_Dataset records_

******

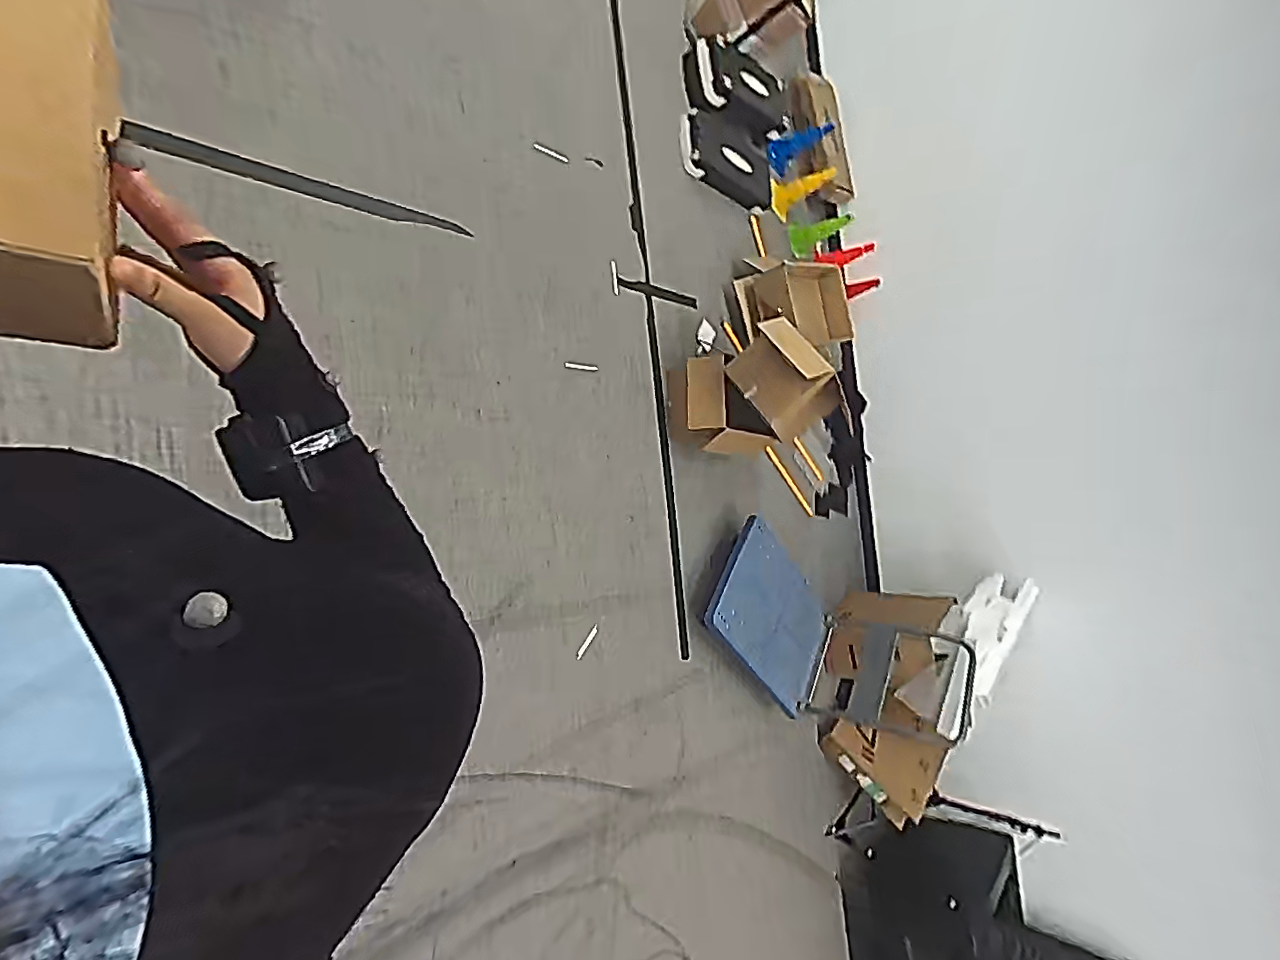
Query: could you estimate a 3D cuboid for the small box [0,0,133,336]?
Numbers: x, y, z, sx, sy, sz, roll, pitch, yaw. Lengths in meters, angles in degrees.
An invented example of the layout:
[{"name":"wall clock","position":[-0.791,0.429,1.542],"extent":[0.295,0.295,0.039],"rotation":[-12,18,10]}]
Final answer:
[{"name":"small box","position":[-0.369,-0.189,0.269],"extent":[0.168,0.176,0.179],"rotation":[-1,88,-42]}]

******

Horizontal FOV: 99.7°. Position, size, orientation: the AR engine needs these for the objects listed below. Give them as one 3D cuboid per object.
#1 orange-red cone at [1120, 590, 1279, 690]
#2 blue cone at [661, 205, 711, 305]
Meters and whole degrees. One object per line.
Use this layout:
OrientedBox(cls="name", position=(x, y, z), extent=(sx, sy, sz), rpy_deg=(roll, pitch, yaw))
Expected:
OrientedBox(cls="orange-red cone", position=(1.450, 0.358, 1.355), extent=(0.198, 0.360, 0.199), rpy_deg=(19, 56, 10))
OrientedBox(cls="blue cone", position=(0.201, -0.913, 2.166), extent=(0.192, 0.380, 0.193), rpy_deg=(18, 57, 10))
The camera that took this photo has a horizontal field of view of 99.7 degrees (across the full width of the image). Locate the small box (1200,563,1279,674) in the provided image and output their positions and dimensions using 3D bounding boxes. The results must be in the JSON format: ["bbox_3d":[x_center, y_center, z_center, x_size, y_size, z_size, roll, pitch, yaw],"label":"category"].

******

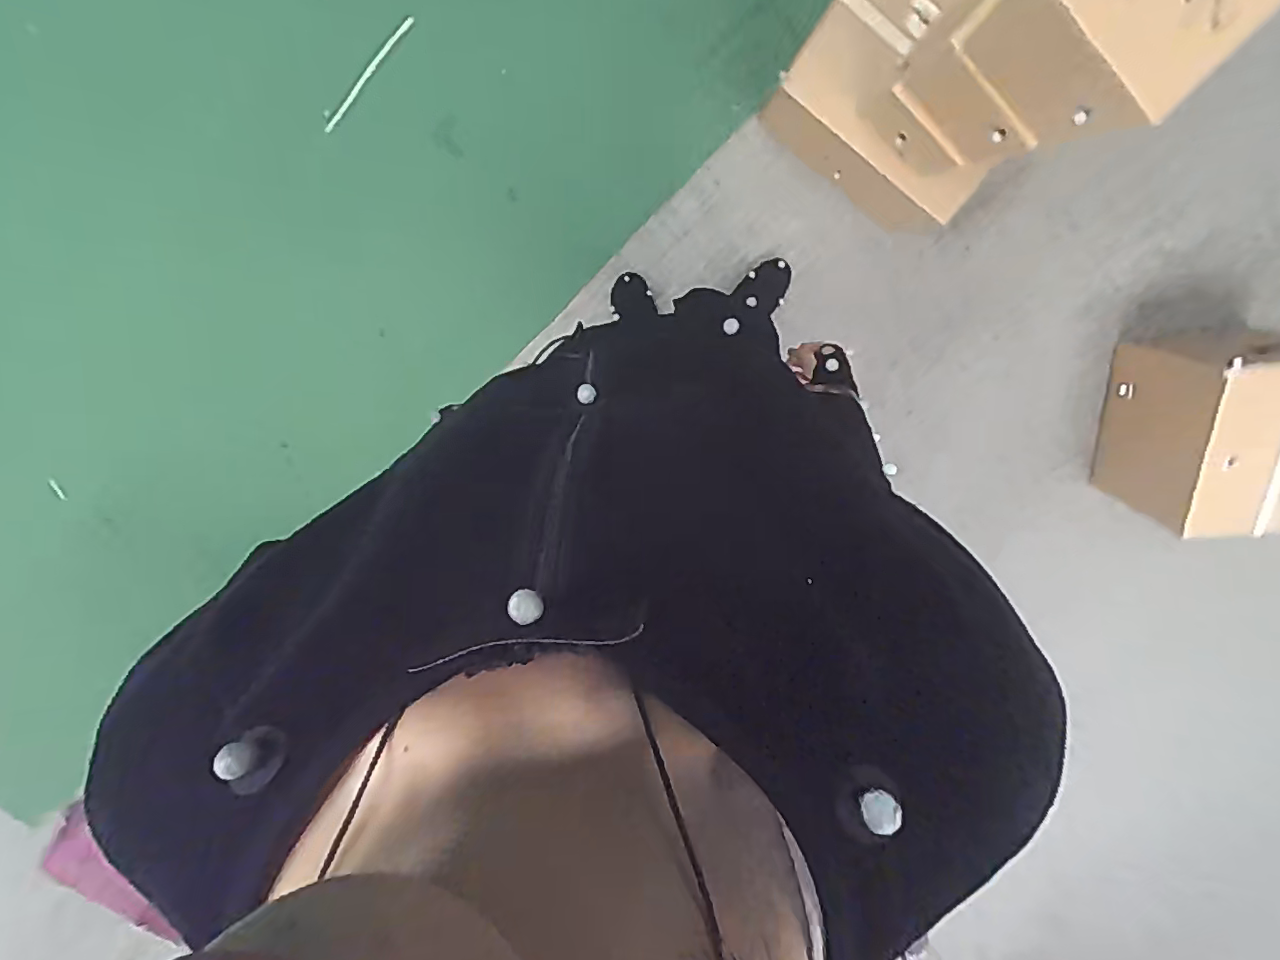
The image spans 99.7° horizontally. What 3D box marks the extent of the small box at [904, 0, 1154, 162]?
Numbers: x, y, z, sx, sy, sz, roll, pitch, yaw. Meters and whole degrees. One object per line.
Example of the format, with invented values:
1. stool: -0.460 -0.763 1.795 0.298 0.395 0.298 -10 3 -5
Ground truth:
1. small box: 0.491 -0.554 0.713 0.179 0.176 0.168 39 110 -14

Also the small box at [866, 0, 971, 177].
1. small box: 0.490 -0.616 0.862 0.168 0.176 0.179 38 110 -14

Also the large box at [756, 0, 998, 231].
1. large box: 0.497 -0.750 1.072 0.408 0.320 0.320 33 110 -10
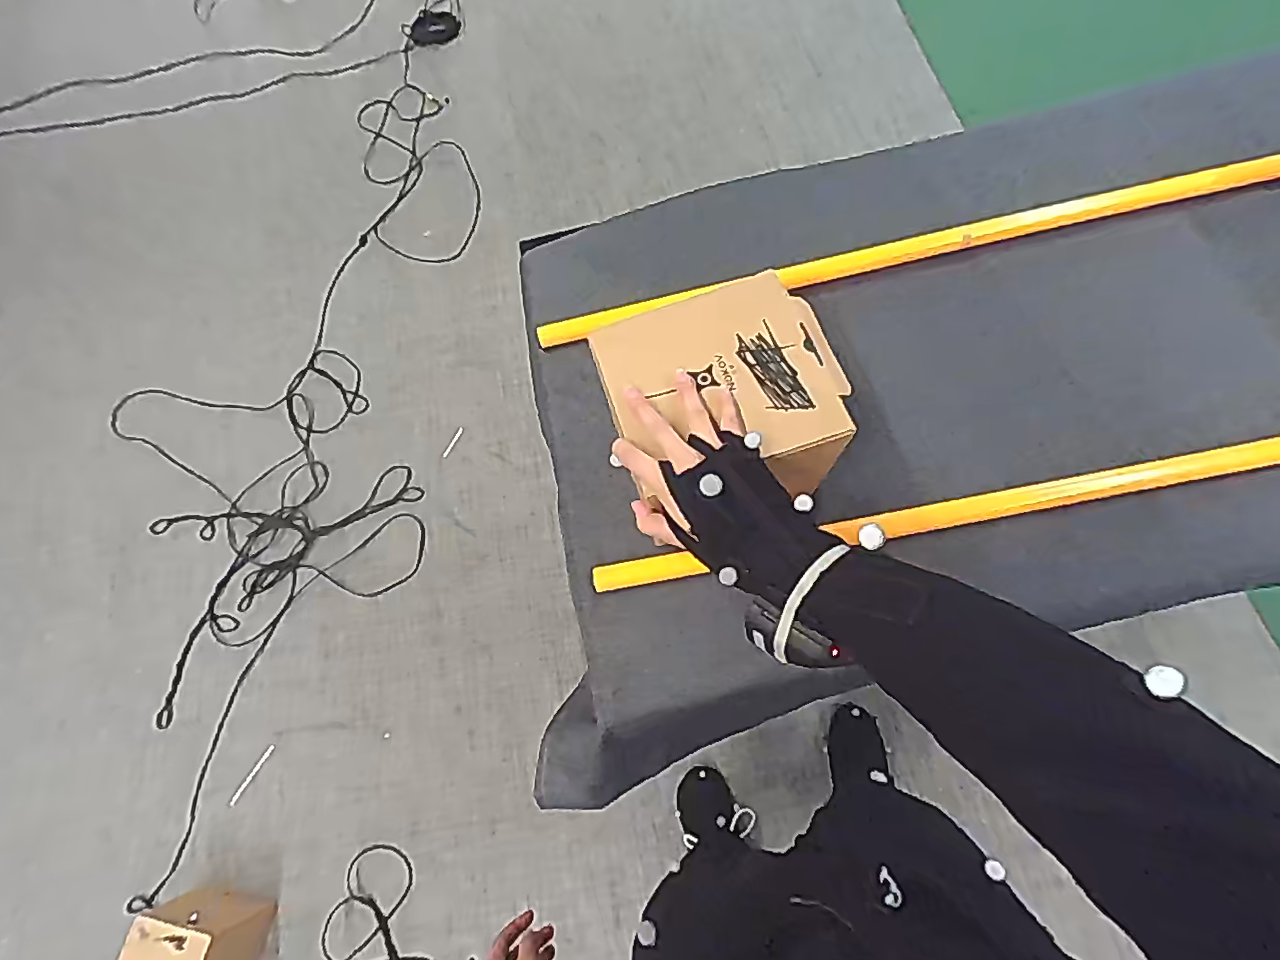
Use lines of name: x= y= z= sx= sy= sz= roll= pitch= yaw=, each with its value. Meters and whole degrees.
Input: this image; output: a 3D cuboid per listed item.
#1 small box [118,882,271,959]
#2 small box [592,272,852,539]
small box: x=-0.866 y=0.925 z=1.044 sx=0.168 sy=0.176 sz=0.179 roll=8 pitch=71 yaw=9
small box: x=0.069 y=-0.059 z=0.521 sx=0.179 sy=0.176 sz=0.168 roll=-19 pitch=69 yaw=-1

******

_WORK TASK_
Where the data above reaches the line holding "Horizontal FOV: 99.7°.", begin printing, and stop after the line holding "rpy_deg=(roll, pitch, yaw))". Each line must be reproduced exactly, with nothing else added.

_OUTPUT FOR THIS EXERCISE_
Horizontal FOV: 99.7°. Position, size, orientation: the AR engine needs these for the objects listed below. Give them as one 3D cuboid per object.
#1 orange-red cone at [1120, 590, 1279, 690]
#2 blue cone at [661, 205, 711, 305]
Meters and whole degrees. One object per line.
Use this layout:
OrientedBox(cls="name", position=(x, y, z), extent=(sx, sy, sz), rpy_deg=(roll, pitch, yaw))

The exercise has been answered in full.